Exercise requirements: Beginning with the line of the entries below that holds "<con:settings></code>" and ending with the line that holds "Can you tell", transcribe each line exactly as written. Pictures stay out.

Records from a data collection
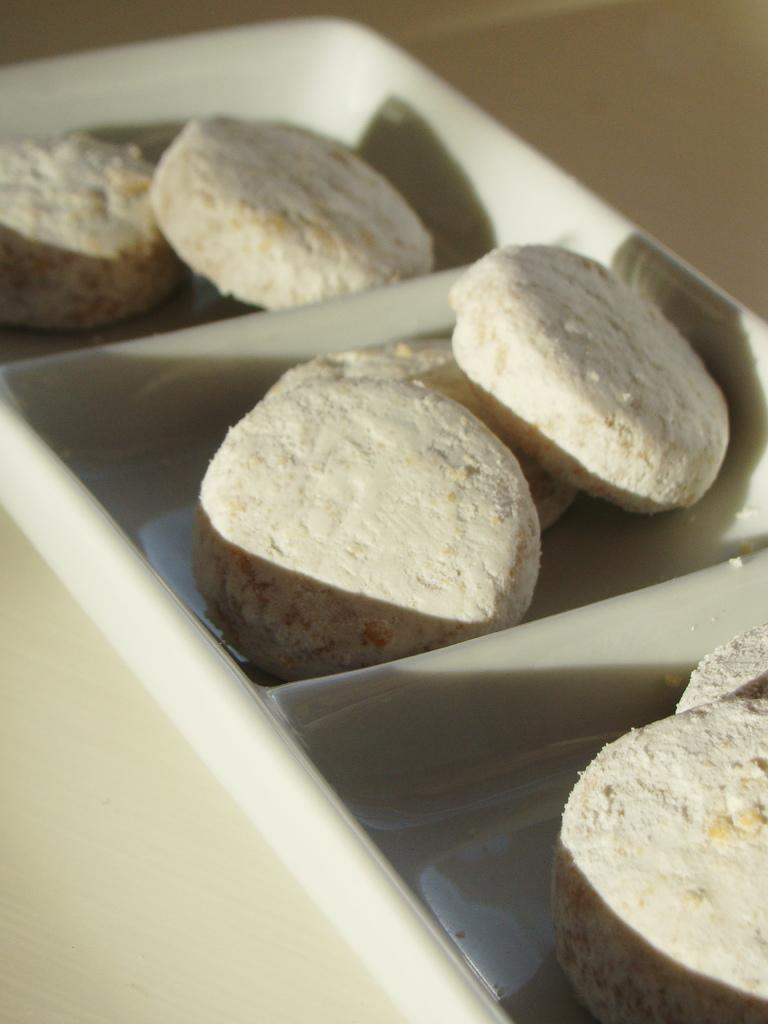What type of food can be seen in the image? There are cookies in the image. What is the color of the cookies? The cookies are white in color. How are the cookies arranged in the image? The cookies are kept in a tray. What piece of furniture is visible at the bottom of the image? There is a table visible at the bottom of the image. How many eyes can be seen on the cookies in the image? There are no eyes visible on the cookies in the image, as they are inanimate objects. 
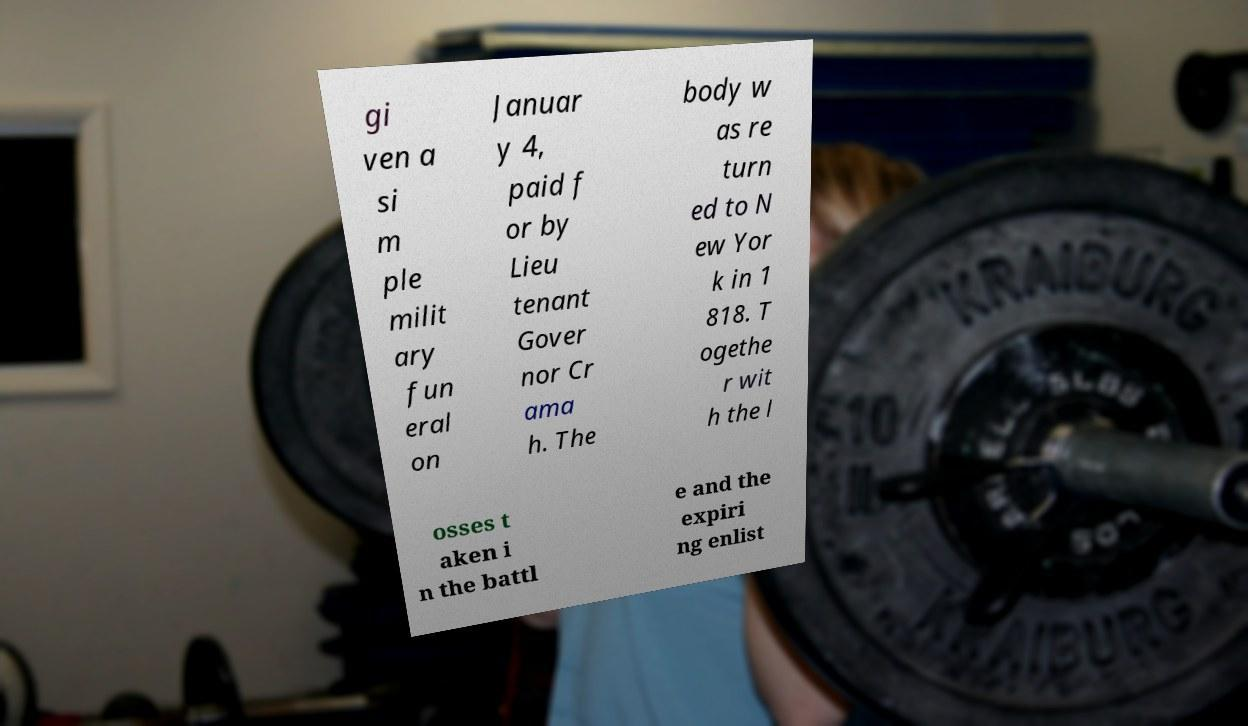What messages or text are displayed in this image? I need them in a readable, typed format. gi ven a si m ple milit ary fun eral on Januar y 4, paid f or by Lieu tenant Gover nor Cr ama h. The body w as re turn ed to N ew Yor k in 1 818. T ogethe r wit h the l osses t aken i n the battl e and the expiri ng enlist 
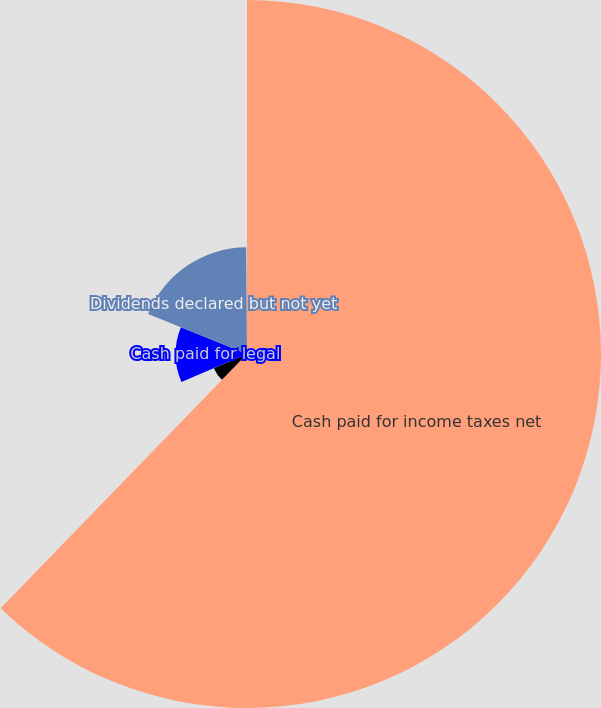Convert chart. <chart><loc_0><loc_0><loc_500><loc_500><pie_chart><fcel>Cash paid for income taxes net<fcel>Cash paid for interest<fcel>Cash paid for legal<fcel>Dividends declared but not yet<fcel>Capital leases and other<nl><fcel>62.25%<fcel>6.33%<fcel>12.54%<fcel>18.76%<fcel>0.12%<nl></chart> 
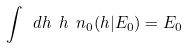Convert formula to latex. <formula><loc_0><loc_0><loc_500><loc_500>\int \ d h \ h \ n _ { 0 } ( h | E _ { 0 } ) = E _ { 0 }</formula> 
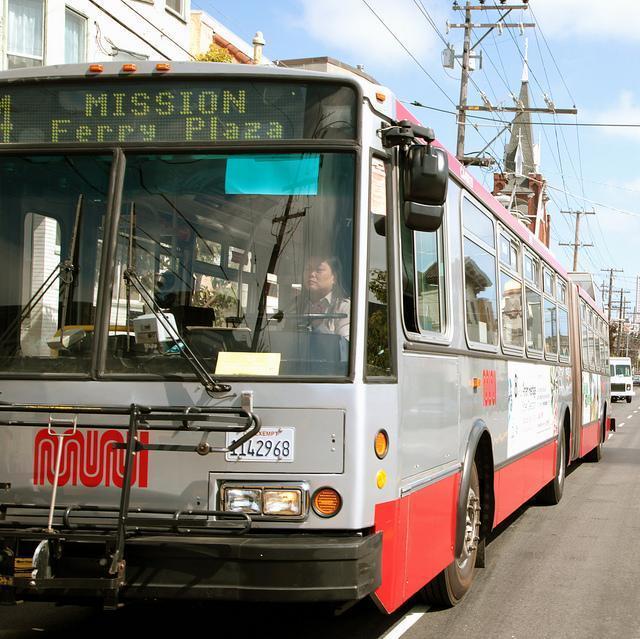Is "The bus is at the left side of the person." an appropriate description for the image?
Answer yes or no. No. 
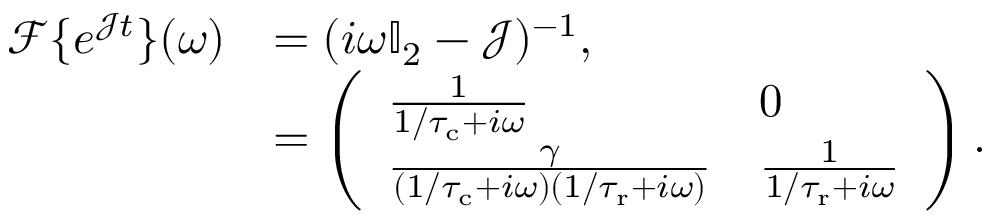Convert formula to latex. <formula><loc_0><loc_0><loc_500><loc_500>\begin{array} { r l } { \mathcal { F } \{ e ^ { \mathcal { J } t } \} ( \omega ) } & { = ( i \omega \mathbb { I } _ { 2 } - \mathcal { J } ) ^ { - 1 } , } \\ & { = \left ( \begin{array} { l l } { \frac { 1 } { 1 / { \tau _ { c } } + i \omega } } & { 0 } \\ { \frac { \gamma } { ( 1 / { \tau _ { c } } + i \omega ) ( 1 / { \tau _ { r } } + i \omega ) } } & { \frac { 1 } { 1 / { \tau _ { r } } + i \omega } } \end{array} \right ) . } \end{array}</formula> 
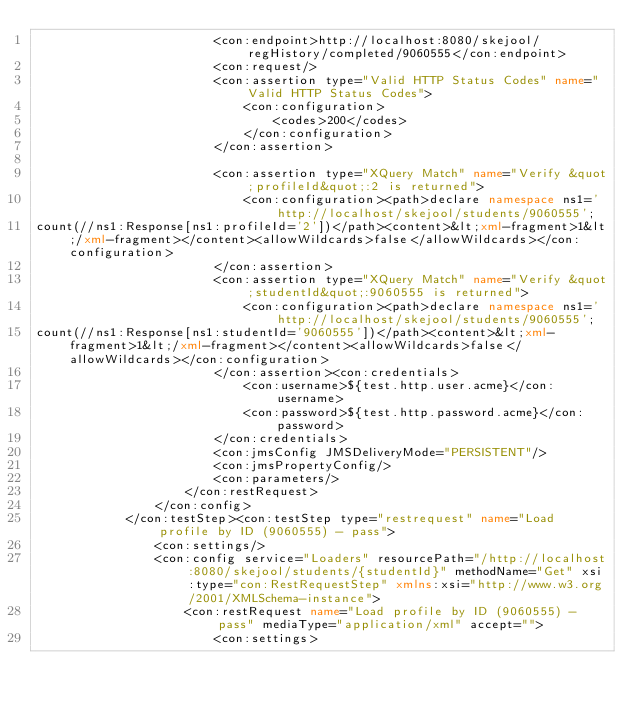<code> <loc_0><loc_0><loc_500><loc_500><_XML_>                        <con:endpoint>http://localhost:8080/skejool/regHistory/completed/9060555</con:endpoint>
                        <con:request/>
                        <con:assertion type="Valid HTTP Status Codes" name="Valid HTTP Status Codes">
                            <con:configuration>
                                <codes>200</codes>
                            </con:configuration>
                        </con:assertion>
                        
                        <con:assertion type="XQuery Match" name="Verify &quot;profileId&quot;:2 is returned">
                            <con:configuration><path>declare namespace ns1='http://localhost/skejool/students/9060555';
count(//ns1:Response[ns1:profileId='2'])</path><content>&lt;xml-fragment>1&lt;/xml-fragment></content><allowWildcards>false</allowWildcards></con:configuration>
                        </con:assertion>
                        <con:assertion type="XQuery Match" name="Verify &quot;studentId&quot;:9060555 is returned">
                            <con:configuration><path>declare namespace ns1='http://localhost/skejool/students/9060555';
count(//ns1:Response[ns1:studentId='9060555'])</path><content>&lt;xml-fragment>1&lt;/xml-fragment></content><allowWildcards>false</allowWildcards></con:configuration>
                        </con:assertion><con:credentials>
                            <con:username>${test.http.user.acme}</con:username>
                            <con:password>${test.http.password.acme}</con:password>
                        </con:credentials>
                        <con:jmsConfig JMSDeliveryMode="PERSISTENT"/>
                        <con:jmsPropertyConfig/>
                        <con:parameters/>
                    </con:restRequest>
                </con:config>
            </con:testStep><con:testStep type="restrequest" name="Load profile by ID (9060555) - pass">
                <con:settings/>
                <con:config service="Loaders" resourcePath="/http://localhost:8080/skejool/students/{studentId}" methodName="Get" xsi:type="con:RestRequestStep" xmlns:xsi="http://www.w3.org/2001/XMLSchema-instance">
                    <con:restRequest name="Load profile by ID (9060555) - pass" mediaType="application/xml" accept="">
                        <con:settings></code> 
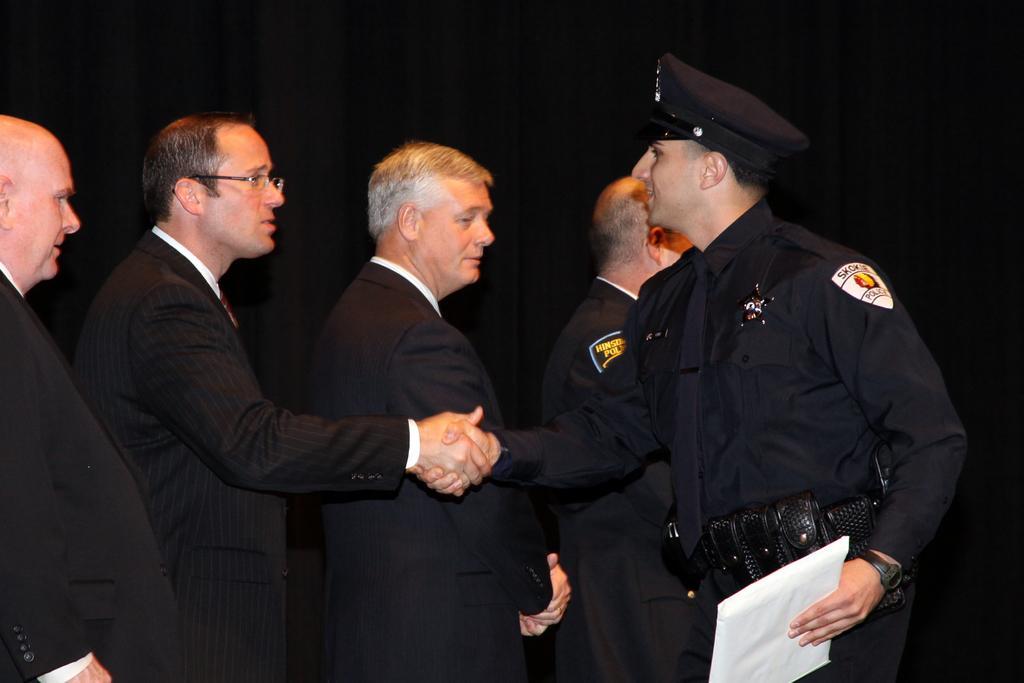Can you describe this image briefly? In this image there are four people standing in a line, in-front of them there is another man wearing uniform is standing and holding paper is giving shake to one of them. 
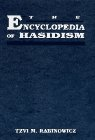Can you tell me more about the author of this book? The author, Tzvi M. Rabinowicz, is a scholar renowned for his extensive research and writings on Jewish theology, particularly within the Hasidic tradition. He has contributed significantly to understanding and documenting the rich heritage of Hasidism. 
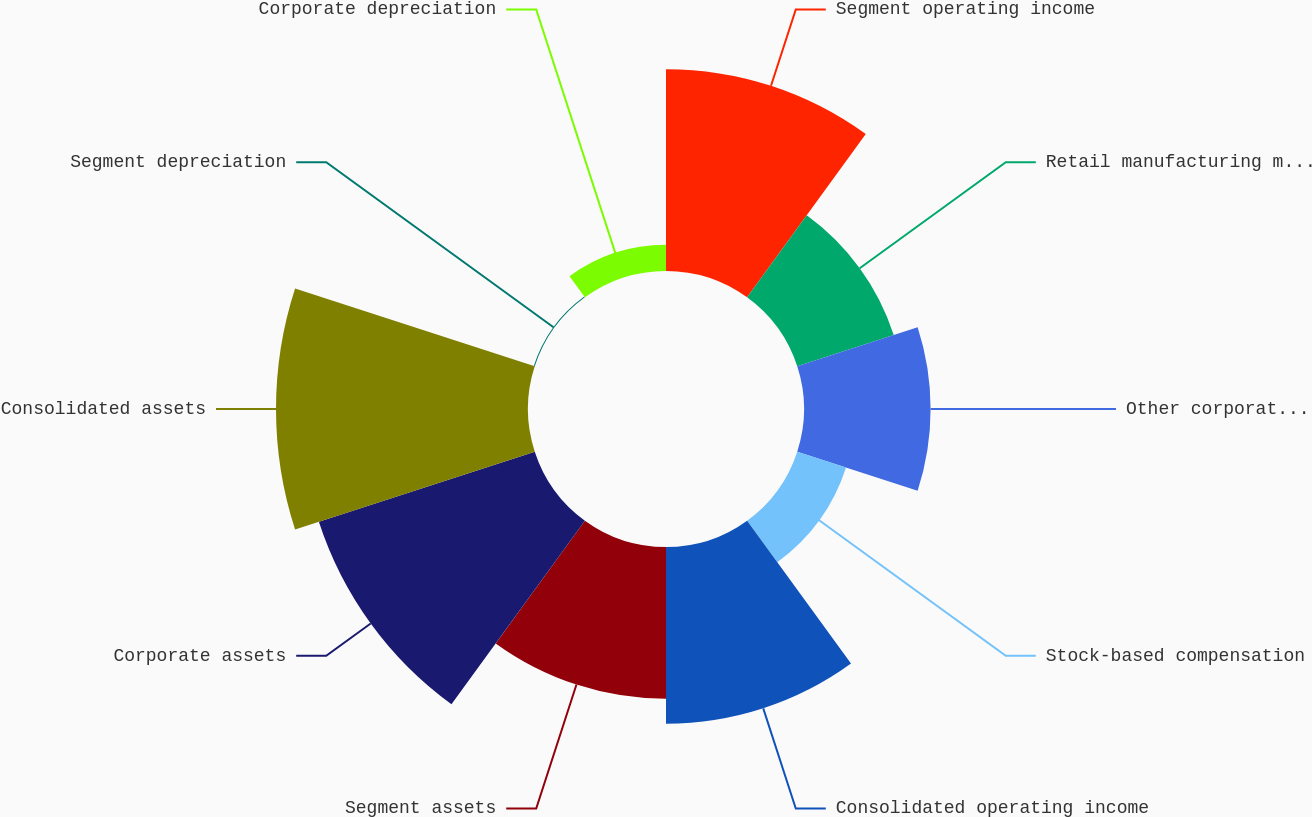Convert chart to OTSL. <chart><loc_0><loc_0><loc_500><loc_500><pie_chart><fcel>Segment operating income<fcel>Retail manufacturing margin<fcel>Other corporate expenses net<fcel>Stock-based compensation<fcel>Consolidated operating income<fcel>Segment assets<fcel>Corporate assets<fcel>Consolidated assets<fcel>Segment depreciation<fcel>Corporate depreciation<nl><fcel>15.34%<fcel>7.71%<fcel>9.62%<fcel>3.9%<fcel>13.43%<fcel>11.53%<fcel>17.25%<fcel>19.15%<fcel>0.08%<fcel>1.99%<nl></chart>

Answer for this exercise:
                        <con:settings></code> 
Can you describe this image briefly? In this image there are four people standing in a line, in-front of them there is another man wearing uniform is standing and holding paper is giving shake to one of them. 
Can you tell me more about the author of this book? The author, Tzvi M. Rabinowicz, is a scholar renowned for his extensive research and writings on Jewish theology, particularly within the Hasidic tradition. He has contributed significantly to understanding and documenting the rich heritage of Hasidism. 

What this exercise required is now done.